Before moving to an implementation stage of the method, optimization of several system components and surveying parameters is though still needed.
Acknowledgements
The authors wish to thank the Milan Municipality and the Province of Milan for the City Base Map.
References
Barzaghi R., Carrion D., Cazzaniga N. E., Forlani G. (2009), Vehicle positioning in urban areas using photogrammetry and digital maps, Proceedings of ENC-GNSS09, Naples.
Bezoari G., Monti C., Selvini A. (2005), La cartografia numerica della città di Milano: interventi per il collaudo, Rivista dell’agenzia del Territorio, 2/2005, pp. 58-76.
Blachut T.J., Chrzanowski A., Saastamoinen J.H., (1979), Urban Surveying and Mapping, Springer-Verlag, New York.
Fischler M., Bolles R. (1981), Random sample consensus: a paradigm for model fitting with application to image analysis and automated cartography, Commun. Assoc. Comp. Mach., Vol. 24(3), pp. 81-95.
Forlani G., Roncella R., Remondino F. (2005) Structure and motion reconstruction of short mobile mapping image sequences, Proc. of the 7th Conf. On Optical 3D measurement techniques, Vienna, 3-5 Oct. 2005, Vichman Verlag, Vol I, pp. 265-274.
Hartley R., Zisserman A. (2000), Multiple View Geometry in computer vision. Cambridge University Press.

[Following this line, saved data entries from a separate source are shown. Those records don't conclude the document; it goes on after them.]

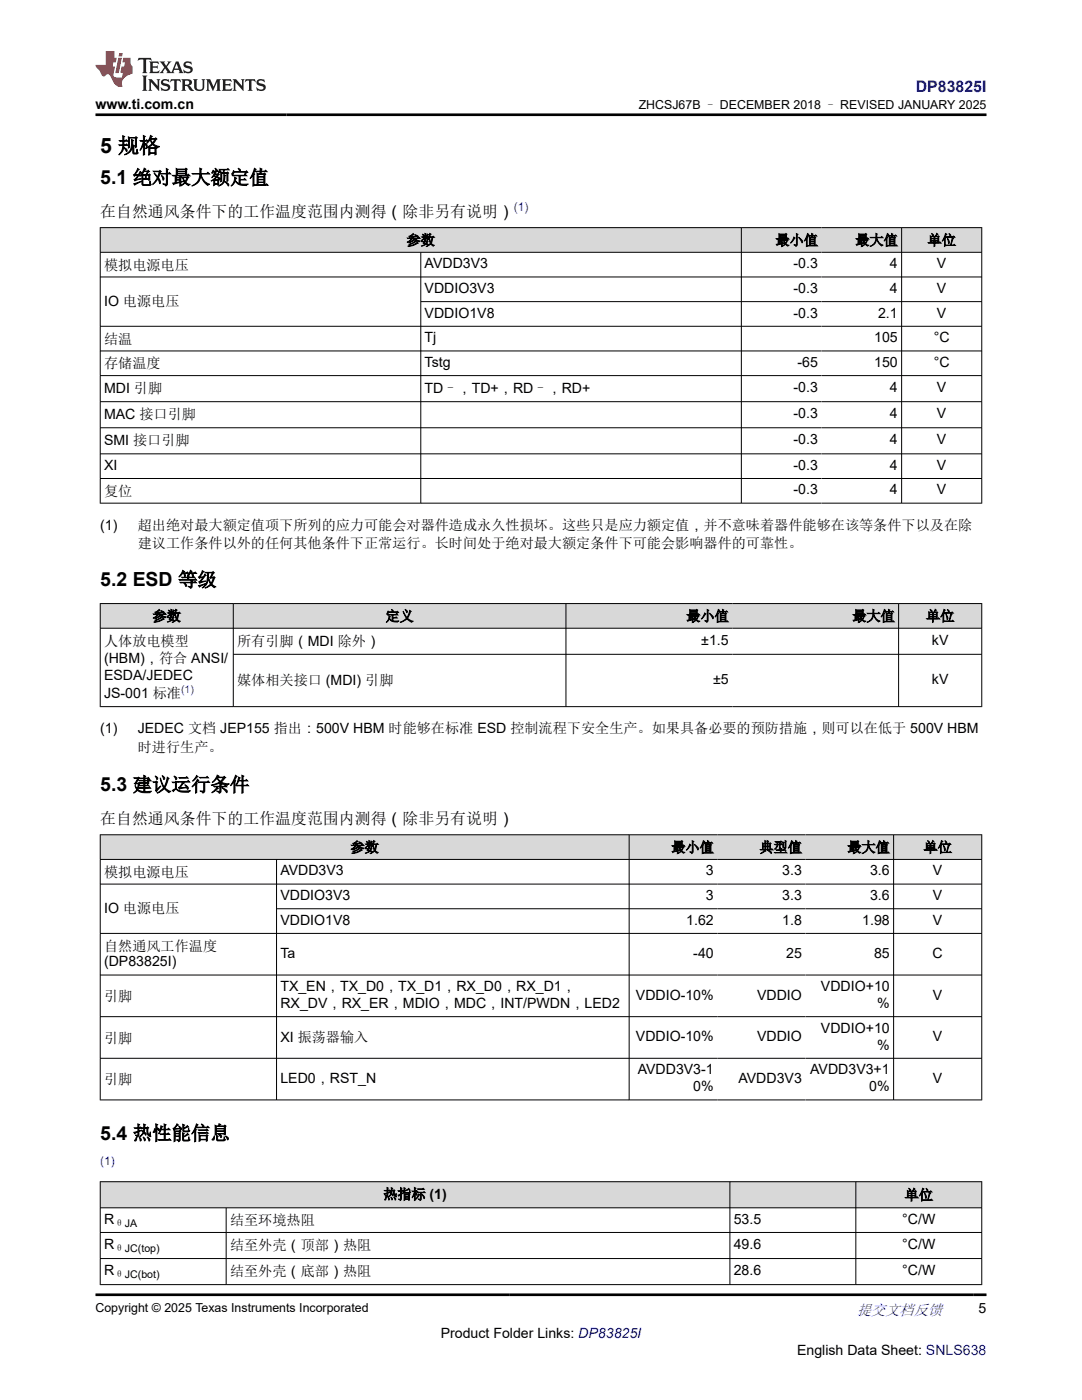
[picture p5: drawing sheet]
<svg xmlns="http://www.w3.org/2000/svg" width="216mm" height="279mm" viewBox="0 0 216 279" stroke-linecap="round" stroke-linejoin="round" font-family="sans-serif">
<defs><g id="words">
<text font-size="4.2" x="20" y="30.5">5 规格</text>
<g font-size="3.9">
<text x="20" y="36.7">5.1 绝对最大额定值</text>
<text x="20" y="117">5.2 ESD 等级</text>
<text x="20" y="157.9">5.3 建议运行条件</text>
<text x="20" y="227.5">5.4 热性能信息</text>
</g>
<text font-size="3.2" fill="#00f" x="182.7" y="18.3">DP83825I</text>
<g font-size="3.2">
<text x="20" y="43.2">在自然通风条件下的工作温度范围内测得（除非另有说明）</text>
<text x="20" y="164.4">在自然通风条件下的工作温度范围内测得（除非另有说明）</text>
</g>
<text font-size="3" fill="#00f" x="171" y="262.4">提交文档反馈</text>
<g font-size="2.8">
<text x="19" y="21.7">www.ti.com.cn</text>
<text x="20.8" y="53.8">模拟电源电压</text>
<text x="81.1" y="48.9">参数</text>
<text x="84.7" y="53.5">AVDD3V3</text>
<text x="154.7" y="48.9">最小值</text>
<text x="158.3" y="53.5">-0.3</text>
<text x="170.7" y="48.9">最大值</text>
<text x="177.6" y="53.5">4</text>
<text x="185.1" y="48.9">单位</text>
<text x="187" y="53.5">V</text>
<text x="84.7" y="58.5">VDDIO3V3</text>
<text x="158.3" y="58.5">-0.3</text>
<text x="177.6" y="58.5">4</text>
<text x="187" y="58.5">V</text>
<text x="20.8" y="61.1">IO 电源电压</text>
<text x="84.7" y="63.4">VDDIO1V8</text>
<text x="158.3" y="63.4">-0.3</text>
<text x="175.2" y="63.4">2.1</text>
<text x="187" y="63.4">V</text>
<text x="20.8" y="68.6">结温</text>
<text x="84.7" y="68.3">Tj</text>
<text x="174.4" y="68.3">105</text>
<text x="186.3" y="68.3">°C</text>
<text x="20.8" y="73.5">存储温度</text>
<text x="84.7" y="73.2">Tstg</text>
<text x="159.1" y="73.2">-65</text>
<text x="174.4" y="73.2">150</text>
<text x="186.3" y="73.2">°C</text>
<text x="20.8" y="78.4">MDI 引脚</text>
<text x="20.8" y="83.6">MAC 接口引脚</text>
<text x="84.7" y="78.4">TD–，TD+，RD–，RD+</text>
<text x="158.3" y="78.3">-0.3</text>
<text x="158.3" y="83.5">-0.3</text>
<text x="177.6" y="78.3">4</text>
<text x="177.6" y="83.5">4</text>
<text x="187" y="78.3">V</text>
<text x="187" y="83.5">V</text>
<text x="20.8" y="88.8">SMI 接口引脚</text>
<text x="158.3" y="88.7">-0.3</text>
<text x="177.6" y="88.7">4</text>
<text x="187" y="88.7">V</text>
<text x="20.8" y="93.8">XI</text>
<text x="158.3" y="93.8">-0.3</text>
<text x="177.6" y="93.8">4</text>
<text x="187" y="93.8">V</text>
<text x="20.8" y="99">复位</text>
<text x="158.3" y="98.7">-0.3</text>
<text x="177.6" y="98.7">4</text>
<text x="187" y="98.7">V</text>
<text x="20" y="105.8">(1)</text>
<text x="27.5" y="105.8">超出绝对最大额定值项下所列的应力可能会对器件造成永久性损坏。这些只是应力额定值，并不意味着器件能够在该等条件下以及在除</text>
<text x="27.5" y="109.4">建议工作条件以外的任何其他条件下正常运行。长时间处于绝对最大额定条件下可能会影响器件的可靠性。</text>
<text x="30.5" y="123.9">参数</text>
<text x="76.9" y="123.9">定义</text>
<text x="136.9" y="123.9">最小值</text>
<text x="170.1" y="123.9">最大值</text>
<text x="184.8" y="123.9">单位</text>
<text x="20.8" y="128.9">人体放电模型</text>
<text x="47.3" y="128.9">所有引脚（MDI 除外）</text>
<text x="139.9" y="128.7">±1.5</text>
<text x="186" y="128.7">kV</text>
<text x="20.8" y="132.2">(HBM)，符合 ANSI/</text>
<text x="20.8" y="135.6">ESDA/JEDEC</text>
<text x="47.3" y="136.7">媒体相关接口 (MDI) 引脚</text>
<text x="142.3" y="136.5">±5</text>
<text x="186" y="136.5">kV</text>
<text x="20.8" y="139.3">JS-001 标准</text>
<text x="20" y="146.4">(1)</text>
<text x="27.5" y="146.4">JEDEC 文档 JEP155 指出：500V HBM 时能够在标准 ESD 控制流程下安全生产。如果具备必要的预防措施，则可以在低于 500V HBM</text>
<text x="27.5" y="150">时进行生产。</text>
<text x="69.9" y="170.1">参数</text>
<text x="134" y="170.1">最小值</text>
<text x="151.5" y="170.1">典型值</text>
<text x="169.1" y="170.1">最大值</text>
<text x="184.3" y="170.1">单位</text>
<text x="20.8" y="175">模拟电源电压</text>
<text x="55.9" y="174.7">AVDD3V3</text>
<text x="55.9" y="179.6">VDDIO3V3</text>
<text x="140.9" y="174.7">3</text>
<text x="140.9" y="179.6">3</text>
<text x="156.1" y="174.7">3.3</text>
<text x="156.1" y="179.6">3.3</text>
<text x="173.6" y="174.7">3.6</text>
<text x="173.6" y="179.6">3.6</text>
<text x="186.2" y="174.7">V</text>
<text x="186.2" y="179.6">V</text>
<text x="20.8" y="182.2">IO 电源电压</text>
<text x="55.9" y="184.6">VDDIO1V8</text>
<text x="136.9" y="184.6">1.62</text>
<text x="156.1" y="184.6">1.8</text>
<text x="172.1" y="184.6">1.98</text>
<text x="186.2" y="184.6">V</text>
<text x="20.8" y="189.8">自然通风工作温度</text>
<text x="55.9" y="191.2">Ta</text>
<text x="138.3" y="191.2">-40</text>
<text x="156.9" y="191.2">25</text>
<text x="174.4" y="191.2">85</text>
<text x="186.1" y="191.2">C</text>
<text x="20.8" y="192.9">(DP83825I)</text>
<text x="55.9" y="197.8">TX_EN，TX_D0，TX_D1，RX_D0，RX_D1，</text>
<text x="163.8" y="197.8">VDDIO+10</text>
<text x="20.8" y="199.8">引脚</text>
<text x="55.9" y="201.2">RX_DV，RX_ER，MDIO，MDC，INT/PWDN，LED2</text>
<text x="126.9" y="199.5">VDDIO-10%</text>
<text x="151.1" y="199.5">VDDIO</text>
<text x="175" y="201.2">%</text>
<text x="186.2" y="199.5">V</text>
<text x="20.8" y="208.1">引脚</text>
<text x="55.9" y="207.9">XI 振荡器输入</text>
<text x="126.9" y="207.8">VDDIO-10%</text>
<text x="151.1" y="207.8">VDDIO</text>
<text x="163.8" y="206.1">VDDIO+10</text>
<text x="175" y="209.5">%</text>
<text x="186.2" y="207.8">V</text>
<text x="127.3" y="214.4">AVDD3V3-1</text>
<text x="161.7" y="214.4">AVDD3V3+1</text>
<text x="20.8" y="216.4">引脚</text>
<text x="55.9" y="216.1">LED0，RST_N</text>
<text x="138.3" y="217.8">0%</text>
<text x="147.4" y="216.1">AVDD3V3</text>
<text x="173.5" y="217.8">0%</text>
<text x="186.2" y="216.1">V</text>
<text x="76.5" y="239.3">热指标 (1)</text>
<text x="180.5" y="239.5">单位</text>
<text x="20.8" y="244.2">R</text>
<text x="45.9" y="244.5">结至环境热阻</text>
<text x="146.4" y="244.2">53.5</text>
<text x="180" y="244.2">°C/W</text>
<text x="20.8" y="249.3">R</text>
<text x="45.9" y="249.4">结至外壳（顶部）热阻</text>
<text x="146.4" y="249.3">49.6</text>
<text x="180" y="249.3">°C/W</text>
<text x="20.8" y="254.5">R</text>
<text x="45.9" y="254.6">结至外壳（底部）热阻</text>
<text x="146.4" y="254.5">28.6</text>
<text x="180" y="254.5">°C/W</text>
<text x="195.3" y="262.1">5</text>
<text x="87.9" y="266.9">Product Folder Links: DP83825I</text>
<text x="159" y="270.3">English Data Sheet: SNLS638</text>
</g>
<g font-size="2.5">
<text x="127.5" y="21.8">ZHCSJ67B – DECEMBER 2018 – REVISED JANUARY 2025</text>
<text x="19" y="261.8">Copyright © 2025 Texas Instruments Incorporated</text>
</g>
<g font-size="2.4" fill="#00f">
<text x="102.6" y="42.2">(1)</text>
<text x="20" y="232.6">(1)</text>
</g>
<text font-size="2.1" fill="#00f" x="36.1" y="138.4">(1)</text>
<g font-size="2.1">
<text x="22.8" y="244.8">θJA</text>
<text x="22.8" y="249.9">θJC(top)</text>
<text x="22.8" y="255.1">θJC(bot)</text>
</g>
</g></defs>
<g fill="#d8d8d8">
<path d="M20 45.4h175.9v5h-175.9z" fill-rule="evenodd"/>
<path d="M20.1 45.5h127.8v4.8h-127.8z" fill-rule="evenodd"/>
<path d="M148 45.5h15.9v4.8h-15.9z" fill-rule="evenodd"/>
<path d="M163.9 45.5h15.9v4.8h-15.9z" fill-rule="evenodd"/>
<path d="M180 45.5h15.8v4.8h-15.8z" fill-rule="evenodd"/>
</g>
<g fill="none" stroke="#000" stroke-width=".2">
<path d="M19.9 45.4h176.1M19.9 50.4h176.1M19.9 55.3h176.1M20 45.4v55.1M84 50.4v50.1M147.9 45.4v55.1M179.9 45.4v55.1M195.9 45.4v55.1M19.9 65.1h176.1M19.9 70h176.1M19.9 75h176.1M84 60.2h112"/>
<path d="M19.9 80.2h176.1M19.9 85.4h176.1M19.9 90.6h176.1M19.9 95.5h176.1M19.9 100.4h176.1"/>
</g>
<g fill="#d8d8d8">
<path d="M20 120.5h175.9v4.9h-175.9z" fill-rule="evenodd"/>
<path d="M20.1 120.5h26.4v4.8h-26.4z" fill-rule="evenodd"/>
<path d="M46.6 120.5h66.3v4.8h-66.3z" fill-rule="evenodd"/>
<path d="M113 120.5h33.1v4.8h-33.1z" fill-rule="evenodd"/>
<path d="M146.1 120.5h33.1v4.8h-33.1z" fill-rule="evenodd"/>
<path d="M179.4 120.5h16.4v4.8h-16.4z" fill-rule="evenodd"/>
</g>
<path d="M19.9 120.5h176.1M19.9 125.4h176.1M20 120.4v20.7M46.6 120.4v20.7M46.6 130.6h149.4M112.9 120.4v20.7M179.3 120.4v20.7M195.9 120.4v20.7M19.9 141h176.1" fill="none" stroke="#000" stroke-width=".2"/>
<g fill="#d8d8d8">
<path d="M20 166.6h175.9v4.9h-175.9z" fill-rule="evenodd"/>
<path d="M20.1 166.7h105.4v4.8h-105.4z" fill-rule="evenodd"/>
<path d="M125.6 166.7h17.5v4.8h-17.5z" fill-rule="evenodd"/>
<path d="M143.1 166.7h17.6v4.8h-17.6z" fill-rule="evenodd"/>
<path d="M160.7 166.7h17.5v4.8h-17.5z" fill-rule="evenodd"/>
<path d="M178.4 166.7h17.4v4.8h-17.4z" fill-rule="evenodd"/>
</g>
<g fill="none" stroke="#000" stroke-width=".2">
<path d="M19.9 166.6h176.1M19.9 171.5h176.1M19.9 176.4h176.1M20 166.5v53.1M55.2 171.5v48.1M125.5 166.5v53.1M178.3 166.5v53.1M195.9 166.5v53.1M19.9 194.6h176.1M55.2 181.4h140.8M196 186.3h-176.1M19.9 202.9h176.1"/>
<path d="M19.9 211.2h176.1M19.9 219.5h176.1"/>
</g>
<g fill="#d8d8d8">
<path d="M20 235.8h175.9v5.2h-175.9z" fill-rule="evenodd"/>
<path d="M20.1 235.9h125.5v5.1h-125.5z" fill-rule="evenodd"/>
<path d="M145.7 235.9h25v5.1h-25z" fill-rule="evenodd"/>
<path d="M170.8 235.9h25v5.1h-25z" fill-rule="evenodd"/>
</g>
<path d="M19.9 235.8h176.1M20 235.8v20.6M145.6 235.8v20.6M170.8 235.8v20.6M195.9 235.8v20.6M19.9 241h176.1M19.9 246h176.1M19.9 251.2h176.1M19.9 256.4h176.1M45.1 241v15.4" fill="none" stroke="#000" stroke-width=".2"/>
<path d="M27.7 11.6l-.2 .5 .5-.2h.6v.1v2.2l-.2 .4h1l-.2-.4v-2.2v-.1h.5l.5 .2-.1-.5zM29.8 12.3l.2 .4v1.5l-.2 .4h1.9l.1-.6a1.08 1.08 0 0 1-1.3 .2v-.7h.6l.4 .2v-.7l-.4 .2h-.6v-.5l.2-.2a1 1 0 0 1 1 .3l-.1-.5zM31.8 12.3l1 1.1-1 1.2h.9l-.2-.2 .4-.8 .5 .8-.2 .2h1.6l-.2-.2 .1-.5h1l.1 .5-.1 .2h.9l-.2-.3-.8-2h-.5l-1 2.2-.8-1.1 .9-1.1h-.8l.2 .2-.5 .6-.3-.6 .1-.2zM35.2 12.7l.4 1h-.8zM36.8 12.4a.65 .65 0 0 0-.2 .7 .65 .65 0 0 0 .6 .5l.7 .1 .1 .3a.79 .79 0 0 1-.7 .4 .79 .79 0 0 1-.7-.5l.1 .7 .2-.1a.93 .93 0 0 0 1.1 .1 .93 .93 0 0 0 .4-1 1.46 1.46 0 0 0-1.2-.6l-.1-.3a1.09 1.09 0 0 1 1.2 .2l-.2-.6-.1 .1-.6-.2zM28.4 15.1l.2 .4v2.2l-.2 .4h1l-.2-.4v-2.2l.2-.4zM29.6 15.8l.2 .4v1.5l-.2 .4h.8l-.3-.4v-1.3l1.7 1.8v-2l.2-.4h-.8l.2 .2 .1 1.1-1.2-1.3zM32.3 15.9a.65 .65 0 0 0-.2 .8 .65 .65 0 0 0 .7 .4l.6 .2 .1 .2a.79 .79 0 0 1-.7 .4 .79 .79 0 0 1-.7-.5l.1 .7 .2-.1a.93 .93 0 0 0 1.1 .1 .93 .93 0 0 0 .4-.9 1.46 1.46 0 0 0-1.2-.6l-.1-.4a1.09 1.09 0 0 1 1.2 .2l-.2-.6-.1 .1-.6-.1zM34.1 15.8l-.1 .6a.63 .63 0 0 1 .7-.3l.1 1.6-.3 .4h1l-.2-.4v-1.6a.66 .66 0 0 1 .8 .3l-.1-.6zM36.2 15.8l.2 .4v1.5l-.2 .4h.9l-.2-.2v-.7h.5l.1 .2a.79 .79 0 0 0 1.2 .6l-1-.9a.61 .61 0 0 0 .6-.6 .61 .61 0 0 0-.5-.7zM36.9 16.1h.2a.47 .47 0 0 1 .5 .1 .47 .47 0 0 1 .1 .5l-.2 .1-.6 .1zM38.5 15.8l.2 .2a2.27 2.27 0 0 0 .4 2 1.04 1.04 0 0 0 1.7-.7v-1.3l.2-.2h-.8l.2 .4v1.1a.6 .6 0 0 1-.6 .6 .6 .6 0 0 1-.6-.6v-1.1l.3-.4zM41.1 15.8l.2 .4v1.5l-.2 .4h.7l-.2-.4v-1.4l.9 1.9 .8-1.9v1.4l-.2 .4h1l-.3-.4v-1.5l.3-.4h-.8l-.7 1.5-.7-1.5zM44.3 15.8l.2 .4v1.5l-.2 .4h1.9l.1-.6a1.09 1.09 0 0 1-1.3 .2v-.7h.6l.4 .2v-.6l-.4 .2h-.6v-.6l.2-.1a1.01 1.01 0 0 1 1 .3l-.1-.6zM46.4 15.8l.3 .4v1.5l-.3 .4h.8l-.2-.4v-1.3l1.6 1.8v-2l.2-.4h-.7l.2 .2v1.1l-1.2-1.3zM49 15.8l-.1 .6a.63 .63 0 0 1 .8-.3v1.6l-.3 .4h1l-.2-.4v-1.6a.66 .66 0 0 1 .8 .3l-.1-.6zM51.4 15.9a.65 .65 0 0 0-.2 .8 .65 .65 0 0 0 .6 .4l.6 .2 .2 .2a.79 .79 0 0 1-.8 .4 .79 .79 0 0 1-.6-.5l.1 .7 .2-.1a.93 .93 0 0 0 1 .1 .93 .93 0 0 0 .5-.9 1.46 1.46 0 0 0-1.3-.6l-.1-.4a1.09 1.09 0 0 1 1.3 .2l-.2-.6-.2 .1-.5-.1z" fill="#231f20"/>
<path d="M21.1 10.2v2.8h-2.1l.1 .3 .9 1a.95 .95 0 0 0 .9 .9 .59 .59 0 0 1 .6-.4 .59 .59 0 0 1 .5 .4l.4 .7a1.59 1.59 0 0 0 2.1 1.4 1.61 1.61 0 0 1 1-2.3l1-.3-.1-1.5a1.59 1.59 0 0 1-.4-1.7h-1.4l-.2 .9h.5l-.1 .9h-.5l-.2 1v.2l.4 .1-.2 .9h-.6a.73 .73 0 0 1-1.1-.7l.3-1.5h-.5l.2-.9h.5l.2-.9h-.5v-1.3zM23.6 11.5l-.6 3.1h.7l.6-3.1zM23.8 10.6l-.1 .6h.7l.1-.6z" fill="#ed1c24"/>
<path d="M19 22.9h177.8M19 258.4h177.8" fill="none" stroke="#000" stroke-width=".53"/>
<use href="#words"/>
</svg>

Hofmann-Wellenhof B., Lichtenegger H., Collins J. (2001), GPS – Theory and Practice, Springer, Wien.
Kim S., Choi K., Lee S., Choi J., Hwang T., Jang B., Lee J. (2004), A Bimodal Approach for Land Vehicle Localization, ETRI Journal, Vol. 26(5), pp. 497-500.
Pilu M. (1997), Uncalibrated stereo correspondences by SVD, Proc. CVPR , pp. 261-266.
Zhang H., Petovello M.G., Cannon M.E. (2005), Performance Comparison of Kinematic GPS Integrated with Different Tactical Level IMUs. CDROM Proc. of NTM 2005, San Diego, The Institute of Navigation.